Assignment: From the first line to the last, transcribe the data exactly and skip the pictures.

________

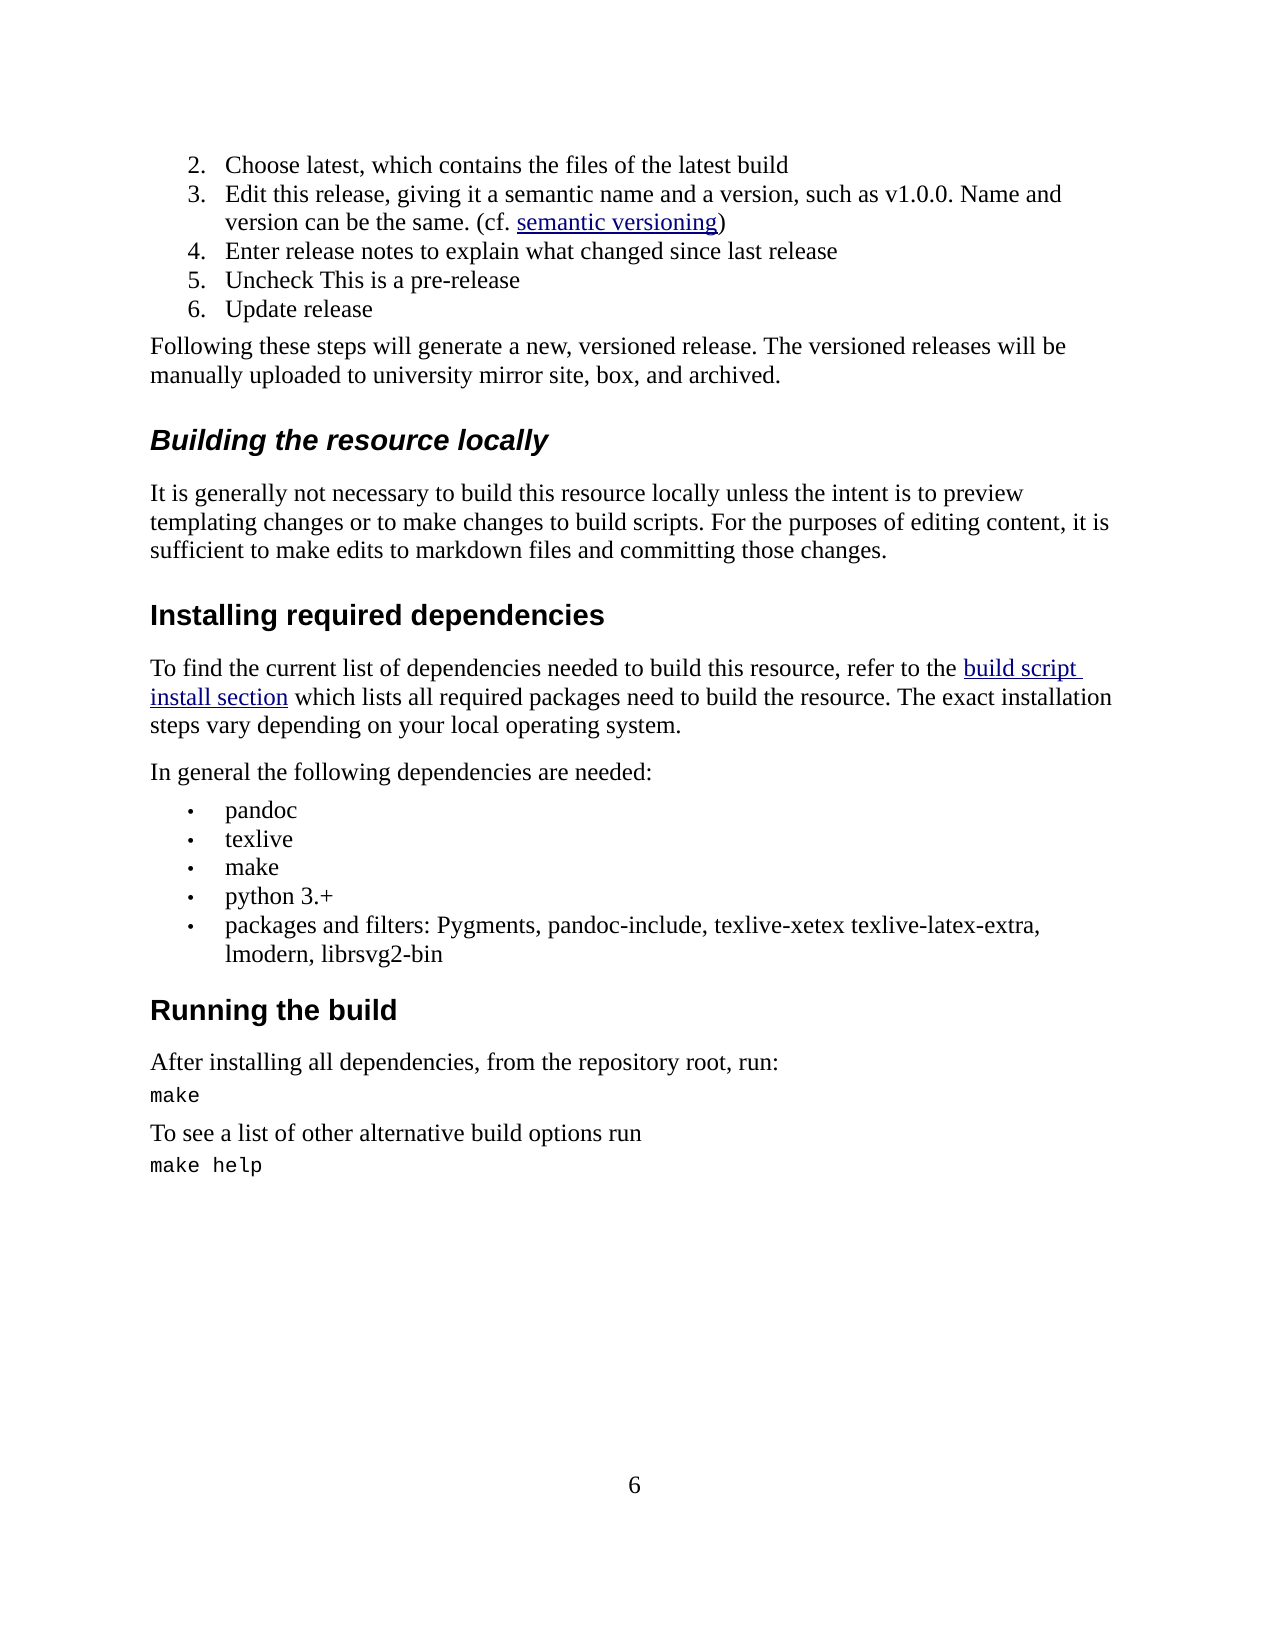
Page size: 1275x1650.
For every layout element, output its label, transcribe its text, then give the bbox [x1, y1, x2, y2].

list texlive [187, 824, 1125, 852]
list Choose latest, which contains the files of the latest build [187, 150, 1125, 179]
text In general the following dependencies are needed: [150, 757, 1125, 786]
list packages and filters: Pygments, pandoc-include, texlive-xetex texlive-latex-extra, lmodern, librsvg2-bin [187, 910, 1125, 967]
list Enter release notes to explain what changed since last release [187, 236, 1125, 265]
text To see a list of other alternative build options run [150, 1118, 1125, 1147]
subtitle Building the resource locally [150, 423, 1125, 456]
list Update release [187, 294, 1125, 322]
list python 3.+ [187, 881, 1125, 910]
list pandoc [187, 795, 1125, 824]
subtitle Running the build [150, 992, 1125, 1026]
text It is generally not necessary to build this resource locally unless the intent is to preview templating changes or to make changes to build scripts. For the purposes of editing content, it is sufficient to make edits to markdown files and committing those changes. [150, 478, 1125, 564]
text make [150, 1085, 1125, 1109]
list Edit this release, giving it a semantic name and a version, such as v1.0.0. Name and version can be the same. (cf. semantic versioning) [187, 179, 1125, 236]
subtitle Installing required dependencies [150, 598, 1125, 632]
text To find the current list of dependencies needed to build this resource, refer to the build script install section which lists all required packages need to build the resource. The exact installation steps vary depending on your local operating system. [150, 653, 1125, 739]
list make [187, 852, 1125, 881]
text After installing all dependencies, from the repository root, run: [150, 1047, 1125, 1076]
list Uncheck This is a pre-release [187, 265, 1125, 294]
text make help [150, 1156, 1125, 1179]
text Following these steps will generate a new, versioned release. The versioned releases will be manually uploaded to university mirror site, box, and archived. [150, 331, 1125, 389]
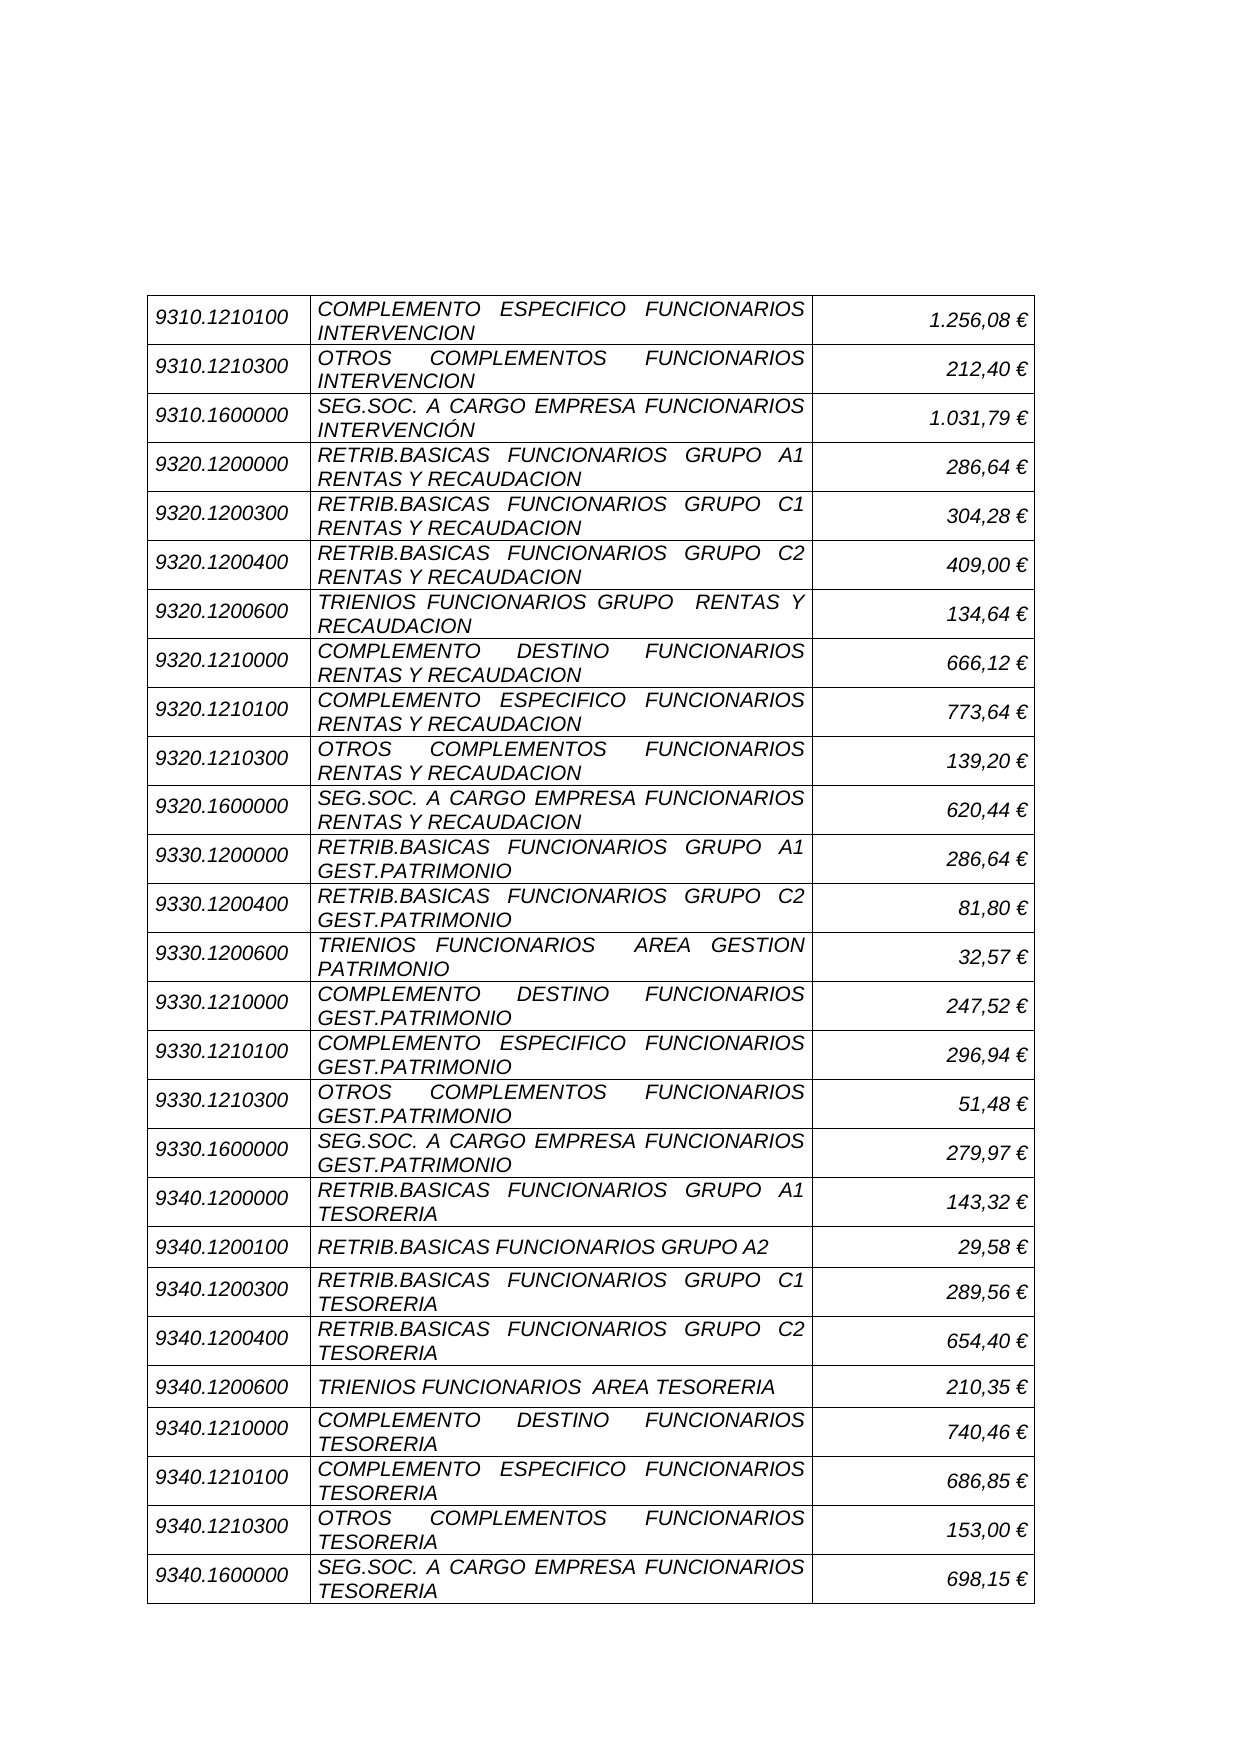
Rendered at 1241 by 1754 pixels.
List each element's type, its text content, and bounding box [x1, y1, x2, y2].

________

Your response:
Page size: 1275x1650.
For every layout element, output its label, transcribe its text, then give the bbox [x1, y1, x2, y2].

list texlive [187, 824, 1125, 852]
list Choose latest, which contains the files of the latest build [187, 150, 1125, 179]
text In general the following dependencies are needed: [150, 757, 1125, 786]
list packages and filters: Pygments, pandoc-include, texlive-xetex texlive-latex-extra, lmodern, librsvg2-bin [187, 910, 1125, 967]
list Enter release notes to explain what changed since last release [187, 236, 1125, 265]
text To see a list of other alternative build options run [150, 1118, 1125, 1147]
subtitle Building the resource locally [150, 423, 1125, 456]
list Update release [187, 294, 1125, 322]
list python 3.+ [187, 881, 1125, 910]
list pandoc [187, 795, 1125, 824]
subtitle Running the build [150, 992, 1125, 1026]
text It is generally not necessary to build this resource locally unless the intent is to preview templating changes or to make changes to build scripts. For the purposes of editing content, it is sufficient to make edits to markdown files and committing those changes. [150, 478, 1125, 564]
text make [150, 1085, 1125, 1109]
list Edit this release, giving it a semantic name and a version, such as v1.0.0. Name and version can be the same. (cf. semantic versioning) [187, 179, 1125, 236]
subtitle Installing required dependencies [150, 598, 1125, 632]
text To find the current list of dependencies needed to build this resource, refer to the build script install section which lists all required packages need to build the resource. The exact installation steps vary depending on your local operating system. [150, 653, 1125, 739]
list make [187, 852, 1125, 881]
text After installing all dependencies, from the repository root, run: [150, 1047, 1125, 1076]
list Uncheck This is a pre-release [187, 265, 1125, 294]
text make help [150, 1156, 1125, 1179]
text Following these steps will generate a new, versioned release. The versioned releases will be manually uploaded to university mirror site, box, and archived. [150, 331, 1125, 389]
Rendered at 1241 by 1754 pixels.
List each element's type, its text content, and bounding box [x1, y1, x2, y2].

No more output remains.